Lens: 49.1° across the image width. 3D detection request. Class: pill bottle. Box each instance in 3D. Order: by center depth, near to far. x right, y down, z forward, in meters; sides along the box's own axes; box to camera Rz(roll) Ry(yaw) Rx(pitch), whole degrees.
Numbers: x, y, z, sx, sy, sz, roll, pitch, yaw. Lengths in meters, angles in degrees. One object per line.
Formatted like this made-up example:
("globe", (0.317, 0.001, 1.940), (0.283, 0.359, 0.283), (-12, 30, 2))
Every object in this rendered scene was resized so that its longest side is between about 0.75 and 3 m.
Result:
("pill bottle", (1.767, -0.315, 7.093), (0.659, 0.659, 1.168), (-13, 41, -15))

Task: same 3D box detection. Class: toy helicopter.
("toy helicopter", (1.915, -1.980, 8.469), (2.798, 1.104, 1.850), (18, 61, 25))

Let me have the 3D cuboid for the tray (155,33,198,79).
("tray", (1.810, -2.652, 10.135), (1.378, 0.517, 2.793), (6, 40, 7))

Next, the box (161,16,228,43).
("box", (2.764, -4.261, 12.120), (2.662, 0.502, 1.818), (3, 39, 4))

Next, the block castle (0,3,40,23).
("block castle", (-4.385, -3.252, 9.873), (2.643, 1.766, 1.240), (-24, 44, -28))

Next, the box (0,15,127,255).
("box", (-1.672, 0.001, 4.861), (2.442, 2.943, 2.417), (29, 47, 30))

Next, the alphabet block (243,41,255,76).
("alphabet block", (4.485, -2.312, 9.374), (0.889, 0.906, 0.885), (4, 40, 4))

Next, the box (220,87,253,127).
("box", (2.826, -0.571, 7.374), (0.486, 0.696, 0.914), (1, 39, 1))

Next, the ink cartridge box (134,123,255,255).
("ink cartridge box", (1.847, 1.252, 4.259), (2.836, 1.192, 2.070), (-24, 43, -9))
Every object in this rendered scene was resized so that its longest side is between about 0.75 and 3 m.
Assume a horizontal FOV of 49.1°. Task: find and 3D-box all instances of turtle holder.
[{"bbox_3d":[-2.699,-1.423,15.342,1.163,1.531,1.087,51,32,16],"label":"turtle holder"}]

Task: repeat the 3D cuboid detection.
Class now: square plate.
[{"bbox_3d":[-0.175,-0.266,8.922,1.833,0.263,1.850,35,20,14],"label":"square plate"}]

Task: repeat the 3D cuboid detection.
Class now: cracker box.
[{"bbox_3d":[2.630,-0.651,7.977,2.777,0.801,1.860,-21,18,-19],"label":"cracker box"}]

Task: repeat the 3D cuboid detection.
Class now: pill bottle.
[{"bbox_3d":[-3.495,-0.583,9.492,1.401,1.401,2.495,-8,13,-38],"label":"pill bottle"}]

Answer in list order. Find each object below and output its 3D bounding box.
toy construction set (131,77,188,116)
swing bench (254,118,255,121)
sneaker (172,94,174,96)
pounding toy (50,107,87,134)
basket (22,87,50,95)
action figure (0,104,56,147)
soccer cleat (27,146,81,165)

==

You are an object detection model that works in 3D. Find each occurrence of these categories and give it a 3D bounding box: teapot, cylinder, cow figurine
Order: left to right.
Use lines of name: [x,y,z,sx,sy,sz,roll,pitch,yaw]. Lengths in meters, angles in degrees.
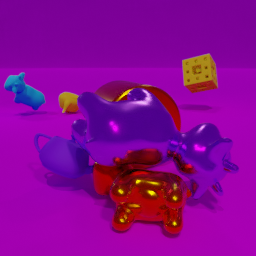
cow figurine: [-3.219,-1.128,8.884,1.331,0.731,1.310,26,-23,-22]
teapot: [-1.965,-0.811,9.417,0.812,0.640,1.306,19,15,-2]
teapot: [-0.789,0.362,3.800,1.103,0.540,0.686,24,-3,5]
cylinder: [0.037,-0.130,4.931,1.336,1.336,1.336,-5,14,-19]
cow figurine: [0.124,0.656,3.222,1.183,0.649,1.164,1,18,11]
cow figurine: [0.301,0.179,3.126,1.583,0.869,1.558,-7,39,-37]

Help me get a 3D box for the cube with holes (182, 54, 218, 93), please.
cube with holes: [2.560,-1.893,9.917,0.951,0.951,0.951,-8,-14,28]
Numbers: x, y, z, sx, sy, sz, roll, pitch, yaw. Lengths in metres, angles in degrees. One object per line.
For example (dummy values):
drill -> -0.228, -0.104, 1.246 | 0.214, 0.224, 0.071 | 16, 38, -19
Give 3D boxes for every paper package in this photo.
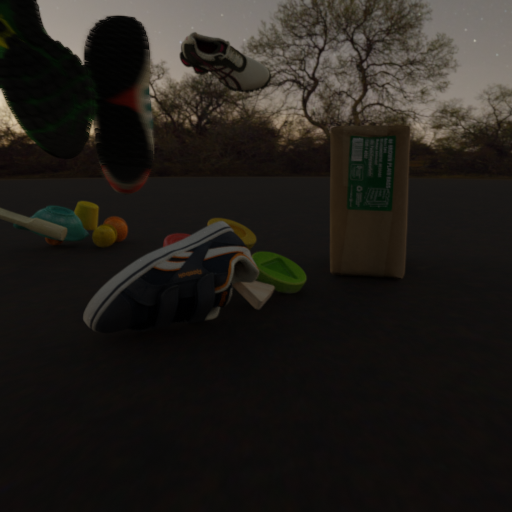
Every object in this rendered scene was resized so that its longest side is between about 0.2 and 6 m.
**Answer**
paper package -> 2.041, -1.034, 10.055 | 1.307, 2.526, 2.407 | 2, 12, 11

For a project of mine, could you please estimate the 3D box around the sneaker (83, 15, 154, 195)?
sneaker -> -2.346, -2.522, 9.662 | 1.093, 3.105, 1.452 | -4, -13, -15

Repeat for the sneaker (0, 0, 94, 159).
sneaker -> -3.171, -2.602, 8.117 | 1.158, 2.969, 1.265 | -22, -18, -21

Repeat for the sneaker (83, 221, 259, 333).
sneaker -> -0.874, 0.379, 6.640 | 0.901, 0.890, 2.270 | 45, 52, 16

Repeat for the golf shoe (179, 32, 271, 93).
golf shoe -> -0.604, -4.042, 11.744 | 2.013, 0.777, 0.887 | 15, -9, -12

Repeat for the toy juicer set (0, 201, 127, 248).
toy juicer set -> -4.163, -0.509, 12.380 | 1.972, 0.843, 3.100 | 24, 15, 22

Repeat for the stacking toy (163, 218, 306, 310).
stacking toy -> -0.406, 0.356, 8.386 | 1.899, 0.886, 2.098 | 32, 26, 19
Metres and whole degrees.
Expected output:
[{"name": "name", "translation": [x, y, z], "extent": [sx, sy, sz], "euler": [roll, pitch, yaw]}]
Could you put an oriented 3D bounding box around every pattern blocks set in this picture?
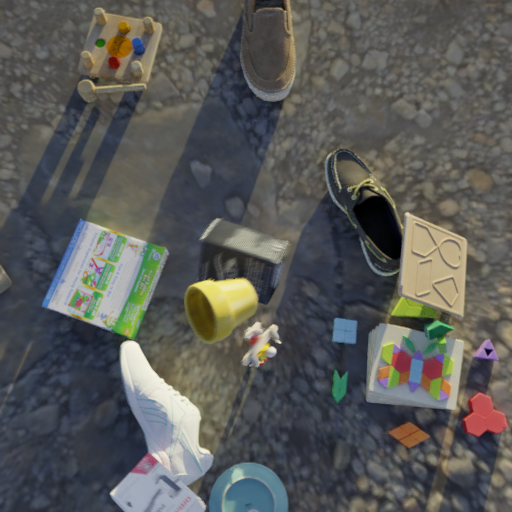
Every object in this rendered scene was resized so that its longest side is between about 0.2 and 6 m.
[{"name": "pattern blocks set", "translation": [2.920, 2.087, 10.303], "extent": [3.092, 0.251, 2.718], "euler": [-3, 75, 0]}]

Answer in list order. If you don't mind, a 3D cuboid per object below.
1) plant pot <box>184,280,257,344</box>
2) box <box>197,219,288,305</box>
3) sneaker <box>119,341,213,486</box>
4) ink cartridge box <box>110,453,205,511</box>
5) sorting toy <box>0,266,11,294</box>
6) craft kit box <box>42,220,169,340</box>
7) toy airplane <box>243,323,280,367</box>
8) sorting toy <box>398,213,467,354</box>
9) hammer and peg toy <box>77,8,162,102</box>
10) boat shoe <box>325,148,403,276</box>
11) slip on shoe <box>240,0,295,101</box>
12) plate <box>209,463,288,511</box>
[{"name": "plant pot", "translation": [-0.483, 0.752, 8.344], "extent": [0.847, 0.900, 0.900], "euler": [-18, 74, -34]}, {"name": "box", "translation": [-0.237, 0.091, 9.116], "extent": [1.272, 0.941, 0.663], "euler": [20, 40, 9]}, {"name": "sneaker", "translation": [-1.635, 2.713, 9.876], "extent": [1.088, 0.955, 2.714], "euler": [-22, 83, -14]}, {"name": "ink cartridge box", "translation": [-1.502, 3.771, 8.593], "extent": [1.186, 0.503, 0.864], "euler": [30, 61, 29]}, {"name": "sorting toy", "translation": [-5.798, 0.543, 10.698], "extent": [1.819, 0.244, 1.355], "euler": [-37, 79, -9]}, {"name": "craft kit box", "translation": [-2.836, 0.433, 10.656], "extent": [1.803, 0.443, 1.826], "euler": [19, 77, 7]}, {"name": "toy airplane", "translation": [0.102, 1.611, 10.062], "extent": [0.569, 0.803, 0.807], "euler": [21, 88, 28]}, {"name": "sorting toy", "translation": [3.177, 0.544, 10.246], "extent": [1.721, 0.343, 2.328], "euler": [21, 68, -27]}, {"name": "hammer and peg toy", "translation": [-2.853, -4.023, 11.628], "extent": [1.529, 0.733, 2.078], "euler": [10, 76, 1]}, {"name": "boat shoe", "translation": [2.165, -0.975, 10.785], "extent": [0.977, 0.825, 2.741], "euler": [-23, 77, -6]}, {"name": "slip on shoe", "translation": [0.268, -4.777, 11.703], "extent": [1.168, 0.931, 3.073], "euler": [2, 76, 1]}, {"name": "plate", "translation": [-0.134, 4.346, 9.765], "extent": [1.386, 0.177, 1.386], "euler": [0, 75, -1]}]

--

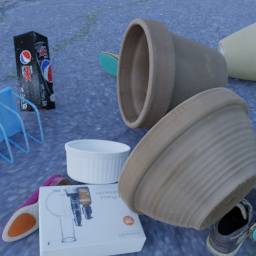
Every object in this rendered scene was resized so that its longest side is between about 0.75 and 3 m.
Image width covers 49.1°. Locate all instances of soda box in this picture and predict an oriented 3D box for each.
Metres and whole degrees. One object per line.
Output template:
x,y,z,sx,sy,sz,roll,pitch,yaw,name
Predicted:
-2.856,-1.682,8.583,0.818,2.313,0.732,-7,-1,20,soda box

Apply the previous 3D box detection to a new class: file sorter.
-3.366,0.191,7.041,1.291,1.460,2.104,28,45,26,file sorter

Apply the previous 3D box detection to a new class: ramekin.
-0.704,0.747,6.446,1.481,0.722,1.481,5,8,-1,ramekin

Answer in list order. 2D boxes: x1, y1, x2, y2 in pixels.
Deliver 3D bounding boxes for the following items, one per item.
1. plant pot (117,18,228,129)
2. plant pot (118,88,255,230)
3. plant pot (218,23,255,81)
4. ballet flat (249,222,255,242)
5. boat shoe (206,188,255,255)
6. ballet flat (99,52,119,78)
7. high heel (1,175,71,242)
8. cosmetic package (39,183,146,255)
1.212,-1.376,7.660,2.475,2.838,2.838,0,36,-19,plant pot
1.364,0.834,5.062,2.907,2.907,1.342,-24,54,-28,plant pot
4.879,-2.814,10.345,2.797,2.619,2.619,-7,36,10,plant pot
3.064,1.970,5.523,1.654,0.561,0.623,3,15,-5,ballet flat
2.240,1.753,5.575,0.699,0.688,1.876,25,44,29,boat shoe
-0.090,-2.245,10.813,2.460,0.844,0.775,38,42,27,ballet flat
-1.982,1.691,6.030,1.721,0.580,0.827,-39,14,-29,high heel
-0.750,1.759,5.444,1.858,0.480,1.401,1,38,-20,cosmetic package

### What is needed
Please find each line in the records above that holds the word "width", and copy it.

### The answer
Lens: 49.1° across the image width. 3D detection request. Class: pill bottle. Box each instance in 3D. Order: by center depth, near to far. x right, y down, z forward, in meters; sides along the box's own axes; box to camera Rz(roll) Ry(yaw) Rx(pitch), whole degrees.
Image width covers 49.1°. Locate all instances of soda box in this picture and predict an oriented 3D box for each.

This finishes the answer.